--- Work instruction ---
Exact copy, no pictures: set down the lines from the one holding "789, 1157, 813]" through the final line of the records below.

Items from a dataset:
Content starts
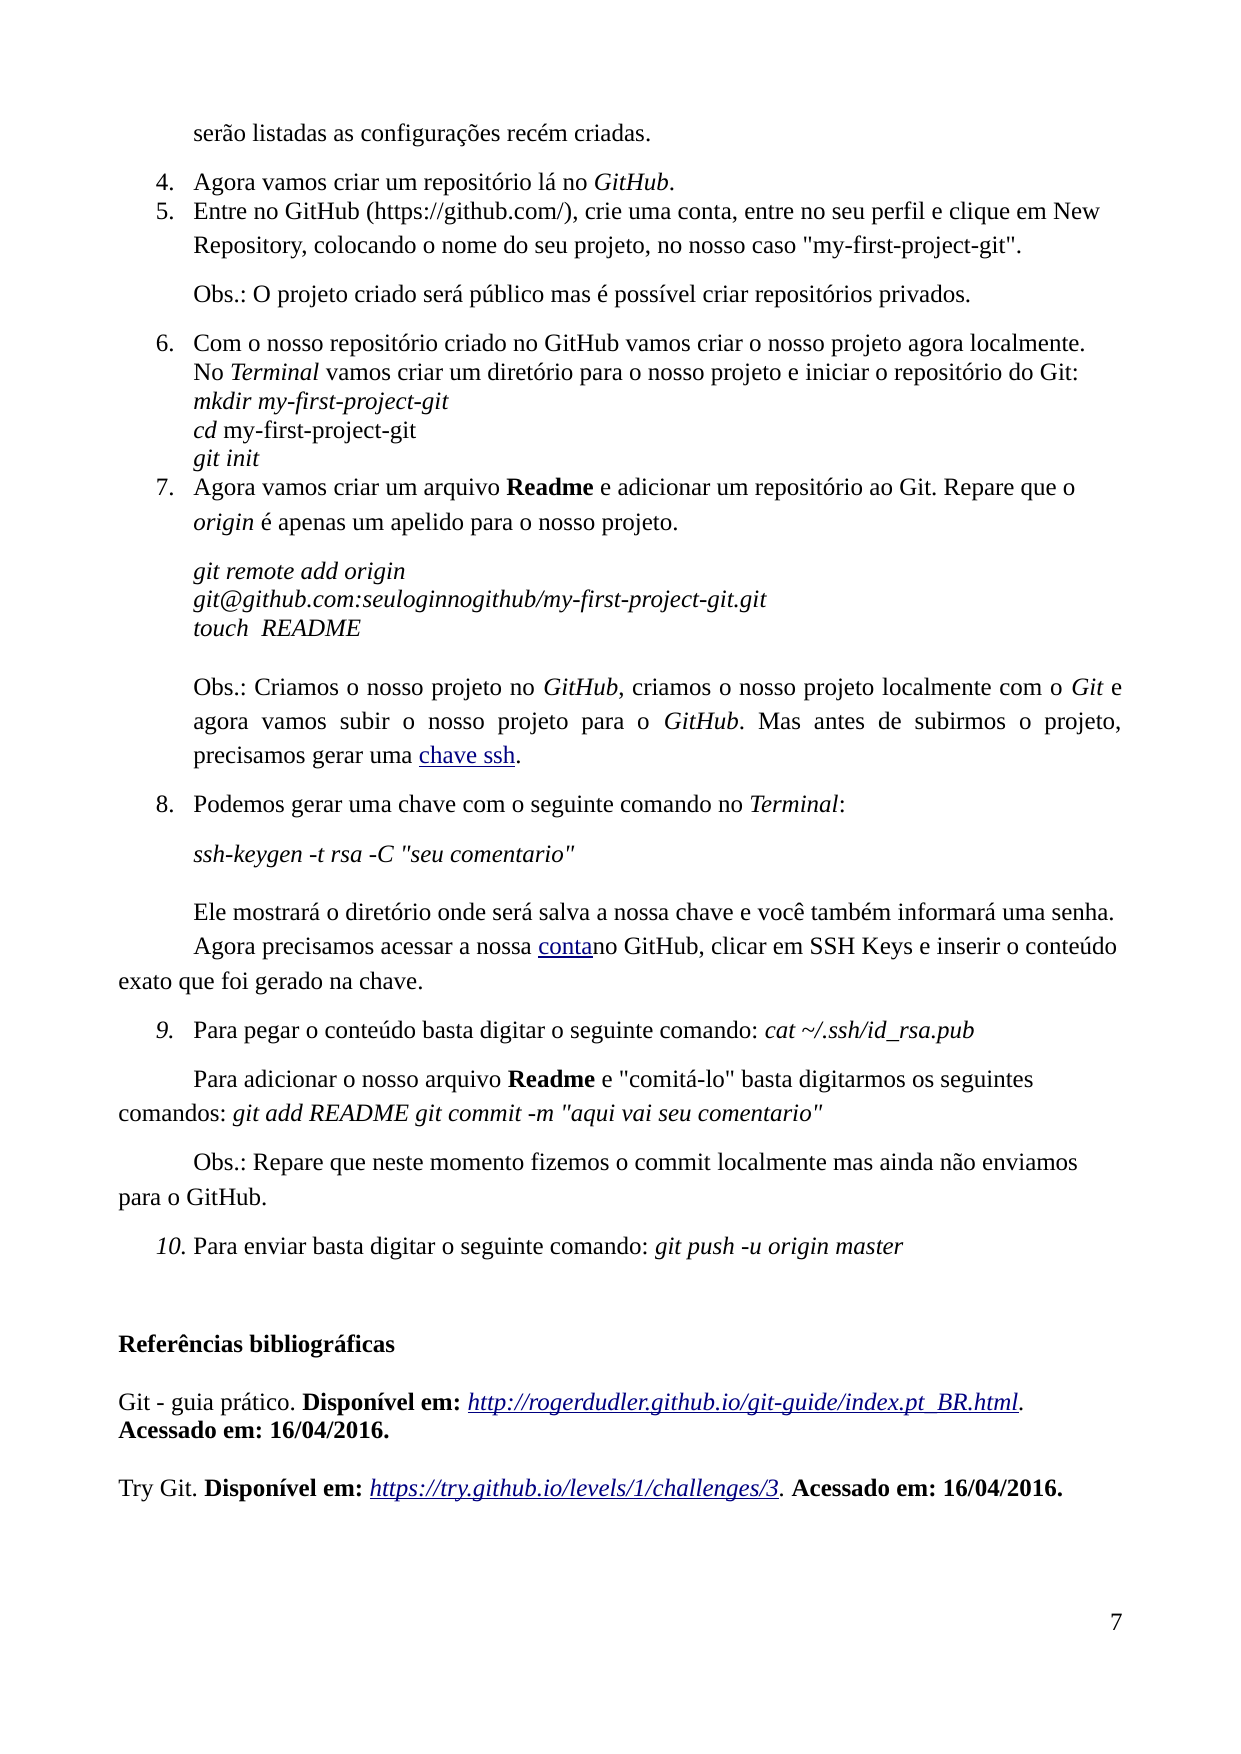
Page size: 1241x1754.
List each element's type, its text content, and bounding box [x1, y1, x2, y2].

text touch README [118, 613, 1122, 642]
text Para adicionar o nosso arquivo Readme e "comitá-lo" basta digitarmos os seguintes comandos: git add README git commit -m "aqui vai seu comentario" [118, 1064, 1122, 1127]
list Para enviar basta digitar o seguinte comando: git push -u origin master [156, 1231, 1122, 1260]
text Git - guia prático. Disponível em: http://rogerdudler.github.io/git-guide/index.pt_BR.html. Acessado em: 16/04/2016. [118, 1387, 1122, 1444]
list Podemos gerar uma chave com o seguinte comando no Terminal: [156, 789, 1122, 818]
text git remote add origin [118, 556, 1122, 584]
text Obs.: Repare que neste momento fizemos o commit localmente mas ainda não enviamos para o GitHub. [118, 1147, 1122, 1211]
list serão listadas as configurações recém criadas. [156, 118, 1122, 147]
text Referências bibliográficas [118, 1329, 1122, 1358]
list Para pegar o conteúdo basta digitar o seguinte comando: cat ~/.ssh/id_rsa.pub [156, 1015, 1122, 1044]
list Obs.: O projeto criado será público mas é possível criar repositórios privados. [156, 279, 1122, 308]
text ssh-keygen -t rsa -C "seu comentario" [118, 839, 1122, 867]
text Ele mostrará o diretório onde será salva a nossa chave e você também informará uma senha. Agora precisamos acessar a nossa contano GitHub, clicar em SSH Keys e inserir o conteúdo exato que foi gerado na chave. [118, 897, 1122, 994]
list Com o nosso repositório criado no GitHub vamos criar o nosso projeto agora localmente. No Terminal vamos criar um diretório para o nosso projeto e iniciar o repositório do Git: [156, 328, 1122, 386]
list Obs.: Criamos o nosso projeto no GitHub, criamos o nosso projeto localmente com o Git e agora vamos subir o nosso projeto para o GitHub. Mas antes de subirmos o projeto, precisamos gerar uma chave ssh. [156, 672, 1122, 769]
list Entre no GitHub (https://github.com/), crie uma conta, entre no seu perfil e clique em New Repository, colocando o nome do seu projeto, no nosso caso "my-first-project-git". [156, 196, 1122, 259]
text Try Git. Disponível em: https://try.github.io/levels/1/challenges/3. Acessado em: 16/04/2016. [118, 1473, 1122, 1502]
list mkdir my-first-project-git [156, 386, 1122, 415]
list git init [156, 443, 1122, 472]
list Agora vamos criar um repositório lá no GitHub. [156, 167, 1122, 196]
list Agora vamos criar um arquivo Readme e adicionar um repositório ao Git. Repare que o origin é apenas um apelido para o nosso projeto. [156, 472, 1122, 536]
text git@github.com:seuloginnogithub/my-first-project-git.git [118, 584, 1122, 613]
list cd my-first-project-git [156, 415, 1122, 443]
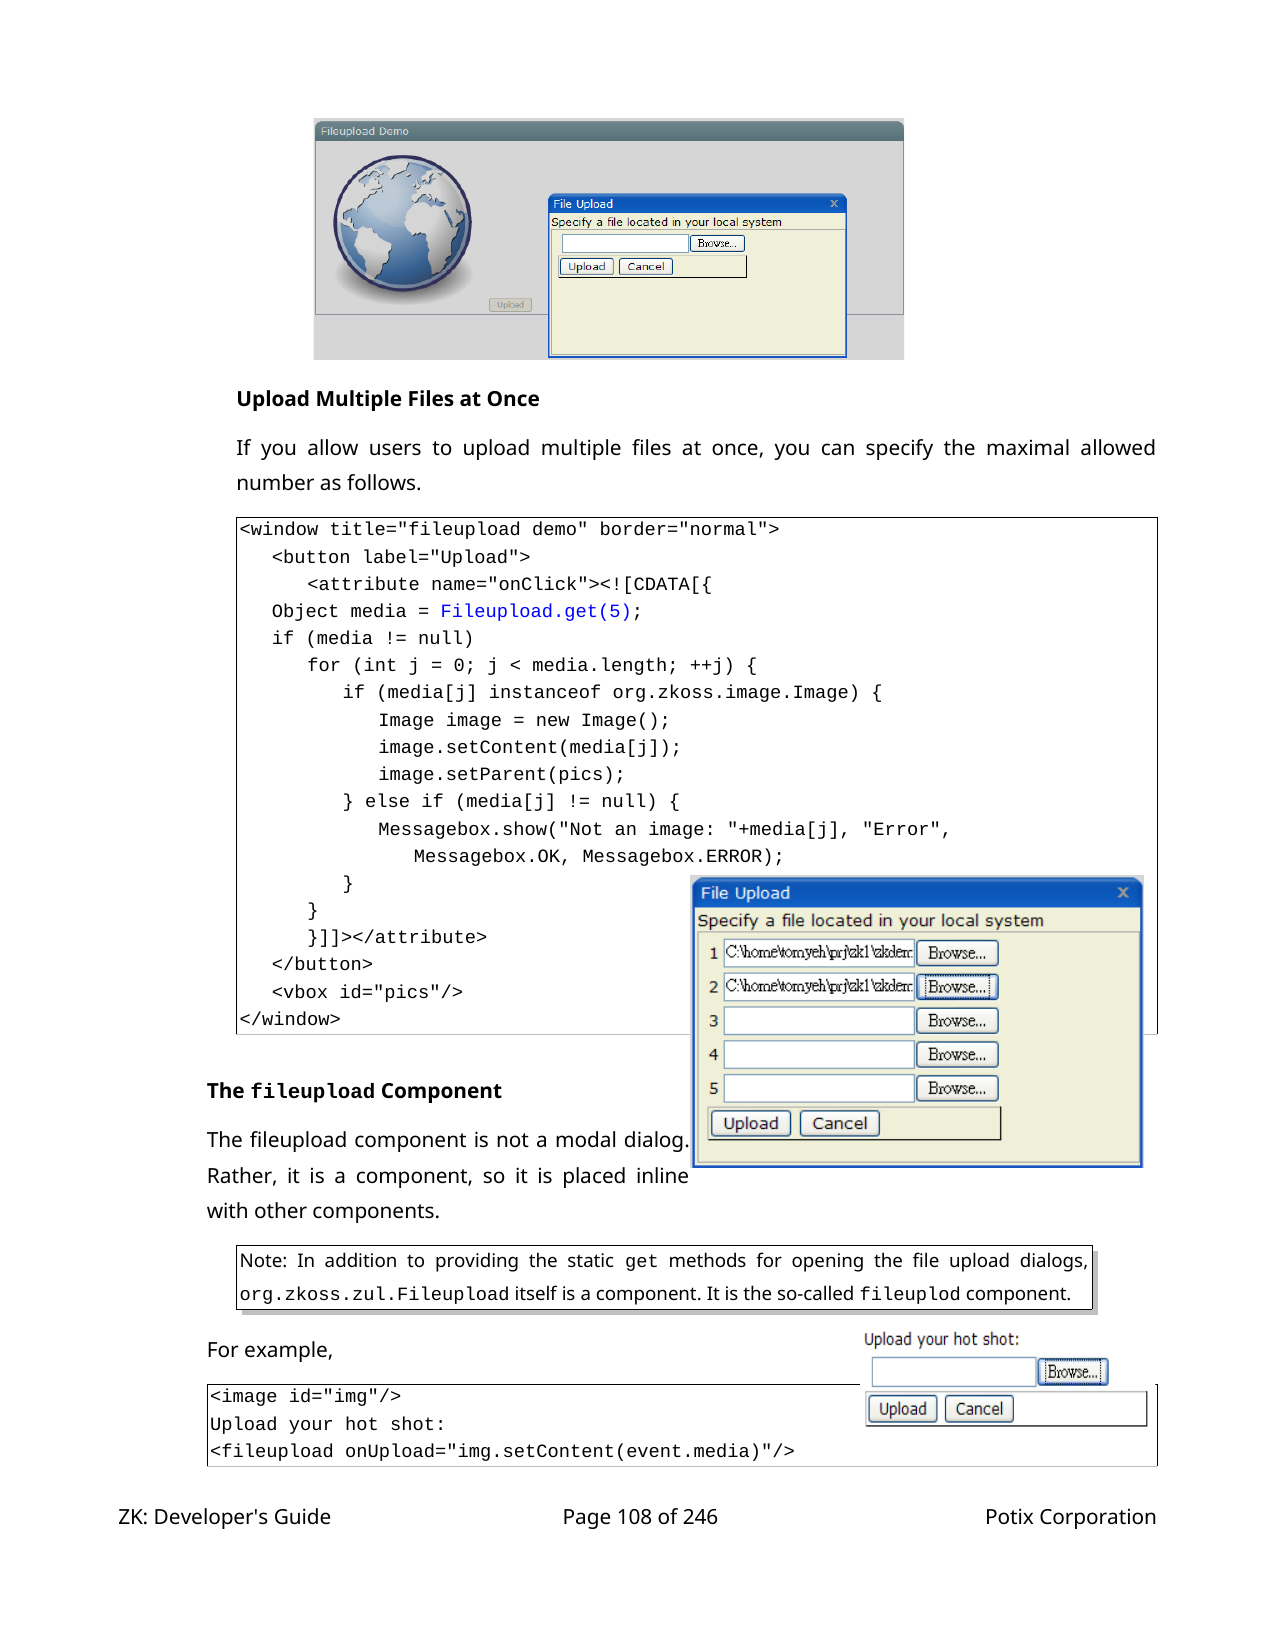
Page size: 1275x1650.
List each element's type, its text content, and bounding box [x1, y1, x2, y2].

text <button label="Upload"> [237, 544, 1157, 569]
text [1144, 1007, 1157, 1034]
picture [860, 1328, 1156, 1432]
text </button> [237, 952, 690, 977]
text If you allow users to upload multiple files at once, you can specify the maximal allowed number as follows. [236, 433, 1157, 497]
text <window title="fileupload demo" border="normal"> [237, 518, 1157, 542]
text image.setContent(media[j]); [237, 735, 1157, 759]
text Messagebox.OK, Messagebox.ERROR); [237, 843, 1157, 868]
subtitle The fileupload Component [207, 1076, 690, 1105]
text for (int j = 0; j < media.length; ++j) { [237, 653, 1157, 677]
text image.setParent(pics); [237, 762, 1157, 786]
text }]]></attribute> [237, 925, 690, 949]
text if (media[j] instanceof org.zkoss.image.Image) { [237, 680, 1157, 705]
text Object media = Fileupload.get(5); [237, 599, 1157, 623]
text Note: In addition to providing the static get methods for opening the file upload dialogs, org.zkoss.zul.Fileupload itself is a component. It is the so-called fileuplod component. [237, 1246, 1092, 1309]
text For example, [207, 1335, 860, 1363]
text } [237, 871, 1157, 895]
text <vbox id="pics"/> [237, 979, 690, 1004]
text [1144, 952, 1157, 977]
text Messagebox.show("Not an image: "+media[j], "Error", [237, 816, 1157, 841]
picture [313, 118, 905, 360]
text } else if (media[j] != null) { [237, 789, 1157, 813]
text Upload your hot shot: [208, 1411, 1157, 1436]
text if (media != null) [237, 626, 1157, 650]
subtitle Upload Multiple Files at Once [236, 360, 1157, 413]
text [1144, 898, 1157, 922]
text } [237, 898, 690, 922]
text <fileupload onUpload="img.setContent(event.media)"/> [208, 1438, 1157, 1466]
text The fileupload component is not a modal dialog. Rather, it is a component, so it is placed inline with other components. [207, 1126, 1157, 1224]
text <image id="img"/> [208, 1385, 860, 1408]
text </window> [237, 1007, 690, 1034]
text Image image = new Image(); [237, 708, 1157, 732]
picture [690, 875, 1144, 1168]
text <attribute name="onClick"><![CDATA[{ [237, 572, 1157, 596]
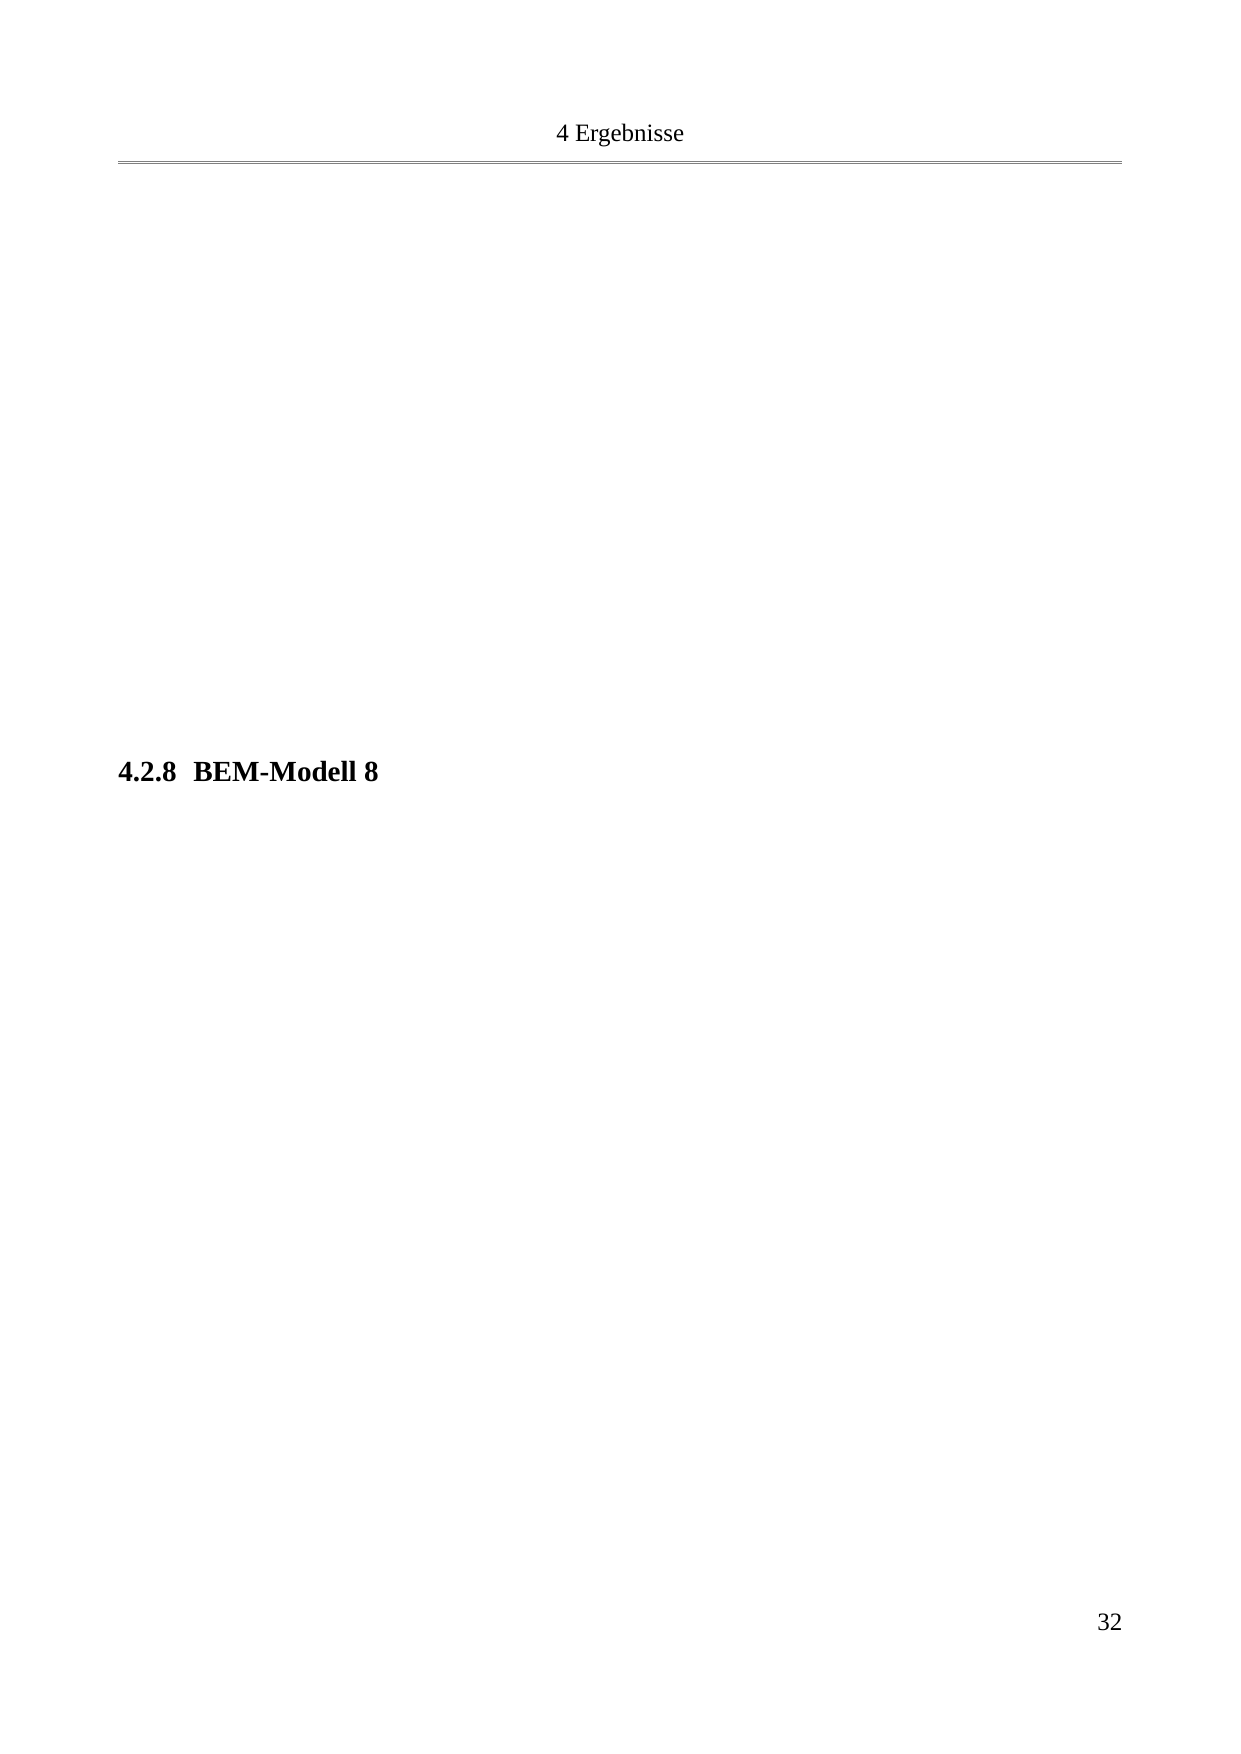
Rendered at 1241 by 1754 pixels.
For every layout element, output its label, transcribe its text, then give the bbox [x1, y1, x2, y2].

subtitle BEM-Modell 8 [118, 754, 1122, 788]
Content ends
--- Solved problem ---
text } else if (media[j] != null) { [237, 789, 1157, 813]
text Upload your hot shot: [208, 1411, 1157, 1436]
text if (media != null) [237, 626, 1157, 650]
subtitle Upload Multiple Files at Once [236, 360, 1157, 413]
text [1144, 898, 1157, 922]
text } [237, 898, 690, 922]
text <fileupload onUpload="img.setContent(event.media)"/> [208, 1438, 1157, 1466]
text The fileupload component is not a modal dialog. Rather, it is a component, so it is placed inline with other components. [207, 1126, 1157, 1224]
text <image id="img"/> [208, 1385, 860, 1408]
text </window> [237, 1007, 690, 1034]
text Image image = new Image(); [237, 708, 1157, 732]
picture [690, 875, 1144, 1168]
text <attribute name="onClick"><![CDATA[{ [237, 572, 1157, 596]
Rendered at 1241 by 1754 pixels.
For every layout element, output its label, transcribe its text, then give the bbox [x1, y1, x2, y2].

subtitle BEM-Modell 8 [118, 754, 1122, 788]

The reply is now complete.